86 Условность такого описания может быть констатирована только с позиции какой-то иной системы описания. В рамках же данной сис­темы подобного рода описание - объективно.
87 См.: Жегин, 1970, 54.
88 См.: Лихачев, 1970, 67; Богатырев, 1963, 28-29.
89 Ср. сформулированный Ф.Ф.Зелинским «принцип хронологи­ческой несовместимости» у Гомера: гомеровское действие, по Зелин­скому, знает только последовательное, но не параллельное развитие, то есть два события никогда не происходят в одно и то же время, но непременно одно за другим» (см.: Т.Зелинский, 1896; Т.Зелинский, 1899-1900; ср.: Альтман, 1928, 48).
Ср. аналогичный вывод исследователей сказки: «В сказке отсут­ствует одновременность перемещений разных персонажей (исключая, впрочем, ситуации сопутствия и погони).

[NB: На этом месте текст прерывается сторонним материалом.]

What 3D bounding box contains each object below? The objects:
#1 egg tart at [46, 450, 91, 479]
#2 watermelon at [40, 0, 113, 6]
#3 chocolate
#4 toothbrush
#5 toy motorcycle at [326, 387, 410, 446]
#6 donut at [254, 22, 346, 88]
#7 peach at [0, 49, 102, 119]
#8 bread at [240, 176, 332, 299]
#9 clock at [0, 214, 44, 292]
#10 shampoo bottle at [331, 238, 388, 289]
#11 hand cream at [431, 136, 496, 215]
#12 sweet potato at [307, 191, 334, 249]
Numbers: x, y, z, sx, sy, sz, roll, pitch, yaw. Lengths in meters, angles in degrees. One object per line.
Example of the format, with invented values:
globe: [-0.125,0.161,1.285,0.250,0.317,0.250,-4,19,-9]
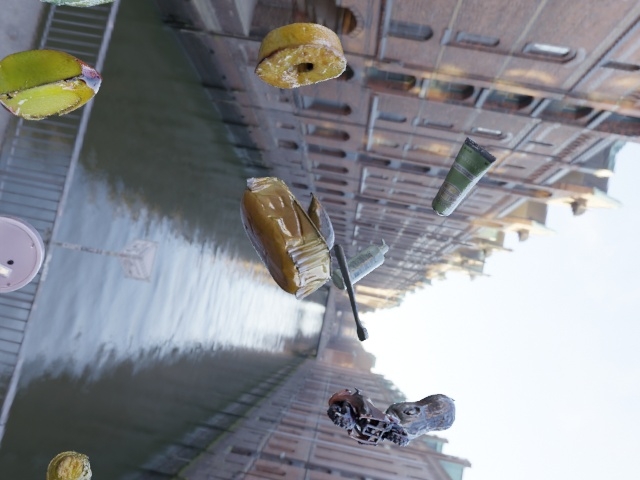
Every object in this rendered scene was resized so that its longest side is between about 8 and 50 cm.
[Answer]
egg tart: [-0.750,0.688,1.656,0.130,0.130,0.052,-75,-169,-50]
watermelon: [-0.540,-0.616,1.167,0.193,0.310,0.231,-109,-152,-42]
chocolate: [0.273,0.492,1.533,0.110,0.248,0.110,177,-90,-68]
toothbrush: [0.088,0.147,1.599,0.030,0.030,0.297,10,60,-56]
toy motorcycle: [0.100,0.388,1.214,0.084,0.212,0.118,-61,-157,8]
donut: [-0.069,-0.601,1.795,0.303,0.303,0.110,75,10,-81]
peach: [-0.751,-0.439,1.526,0.154,0.267,0.159,61,-22,12]
bread: [-0.075,-0.009,1.090,0.241,0.107,0.136,54,-22,32]
clock: [-0.829,0.033,1.436,0.068,0.197,0.197,-157,-104,-69]
shampoo bottle: [0.161,0.090,2.131,0.262,0.085,0.085,-33,152,-25]
hand cream: [0.337,-0.143,1.353,0.055,0.086,0.235,-41,165,-38]
sweet potato: [0.001,0.003,1.449,0.075,0.075,0.269,-74,163,-55]
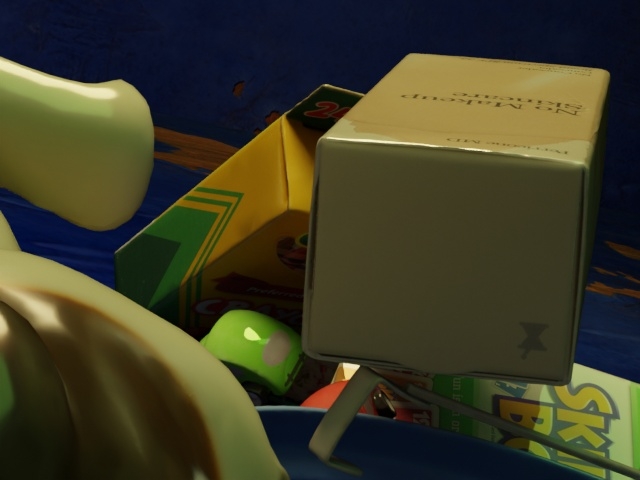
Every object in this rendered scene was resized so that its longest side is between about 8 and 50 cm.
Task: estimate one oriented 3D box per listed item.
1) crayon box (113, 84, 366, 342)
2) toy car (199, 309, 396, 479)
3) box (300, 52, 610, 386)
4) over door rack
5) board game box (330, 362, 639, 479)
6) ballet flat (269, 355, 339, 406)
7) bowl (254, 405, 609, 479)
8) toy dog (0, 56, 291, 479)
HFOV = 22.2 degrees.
[{"bbox_3d":[0.000,0.000,1.243,0.202,0.081,0.318,10,-28,-30],"label":"crayon box"},{"bbox_3d":[-0.013,0.077,1.125,0.225,0.239,0.053,-5,-48,39],"label":"toy car"},{"bbox_3d":[0.091,-0.025,0.963,0.148,0.121,0.311,6,15,9],"label":"box"},{"bbox_3d":[0.196,0.124,0.829,0.324,0.108,0.239,10,10,-31],"label":"over door rack"},{"bbox_3d":[0.134,0.133,1.141,0.259,0.124,0.039,19,-35,7],"label":"board game box"},{"bbox_3d":[0.052,0.109,1.231,0.241,0.077,0.091,18,9,16],"label":"ballet flat"},{"bbox_3d":[0.093,0.190,0.829,0.391,0.077,0.391,16,9,-3],"label":"bowl"},{"bbox_3d":[-0.197,0.058,0.529,0.408,0.284,0.395,21,24,29],"label":"toy dog"}]
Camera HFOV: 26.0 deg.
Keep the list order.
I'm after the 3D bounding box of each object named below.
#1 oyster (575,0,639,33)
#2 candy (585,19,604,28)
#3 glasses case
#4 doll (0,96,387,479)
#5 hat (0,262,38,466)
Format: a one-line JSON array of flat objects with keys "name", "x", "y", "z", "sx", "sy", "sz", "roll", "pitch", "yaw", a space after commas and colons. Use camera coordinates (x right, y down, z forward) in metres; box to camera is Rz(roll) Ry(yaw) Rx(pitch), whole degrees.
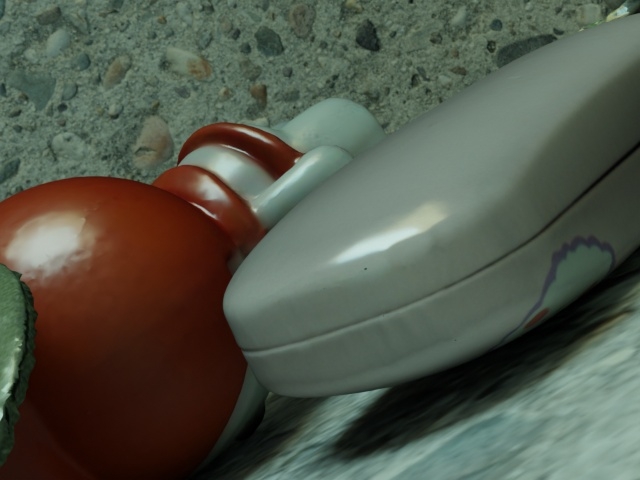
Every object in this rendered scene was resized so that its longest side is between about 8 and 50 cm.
[{"name": "oyster", "x": 0.235, "y": -0.153, "z": 0.876, "sx": 0.271, "sy": 0.100, "sz": 0.275, "roll": -30, "pitch": 15, "yaw": 45}, {"name": "candy", "x": 0.281, "y": -0.175, "z": 1.276, "sx": 0.061, "sy": 0.061, "sz": 0.202, "roll": -28, "pitch": -4, "yaw": 28}, {"name": "glasses case", "x": 0.076, "y": -0.025, "z": 0.508, "sx": 0.113, "sy": 0.075, "sz": 0.297, "roll": -20, "pitch": 8, "yaw": 38}, {"name": "doll", "x": -0.089, "y": 0.042, "z": 0.530, "sx": 0.290, "sy": 0.130, "sz": 0.161, "roll": -40, "pitch": 13, "yaw": -30}, {"name": "hat", "x": -0.213, "y": 0.065, "z": 0.387, "sx": 0.257, "sy": 0.130, "sz": 0.257, "roll": -33, "pitch": 30, "yaw": 22}]

Если приводится в движение один персонаж, то другой должен быть усыплен, умерщвлен, заточен, заколдован и т.д.» (Мелетинский, Неклюдов, Новик и Сегал, 1969, 125).
90 См.: Жегин, 1970, 54.
91 См.: Гёте, 1905, 338 и сл.
92 См.: Соколов, 1916, 12. Ср.: Подобедова, 1965, 40, и особенно Щепкин, 1897, 119-122; здесь же и вообще о единстве формальных приемов в эпосе и в иконописи.
93 См. выше, с. 11-12.
94 См. анализ этого произведения с других позиций в работах Д.С.Лихачева: Лихачев, 1967, 104-107; Лихачев, 1961, 646-648.
95 См.: Бахтин, 1963, 2-3, 47.
96 Принципиальная объективность восприятия и изображения мира вытекает здесь из непризнания произвольности связи между знаком и обозначаемым, как это вообще характерно для средневеко­вого мировоззрения.
97 Укажем в этой связи, что само внимание к методу (в частности, к языку) описания, ставящее сами описываемые факты в зависимость от методики их обнаружения, - иначе говоря, преимущественное вни­мание к «как», а не к «что» при описании - характерно именно для мировосприятия нового времени (сошлемся, например, на позитивизм в философии, квантовую механику в физике).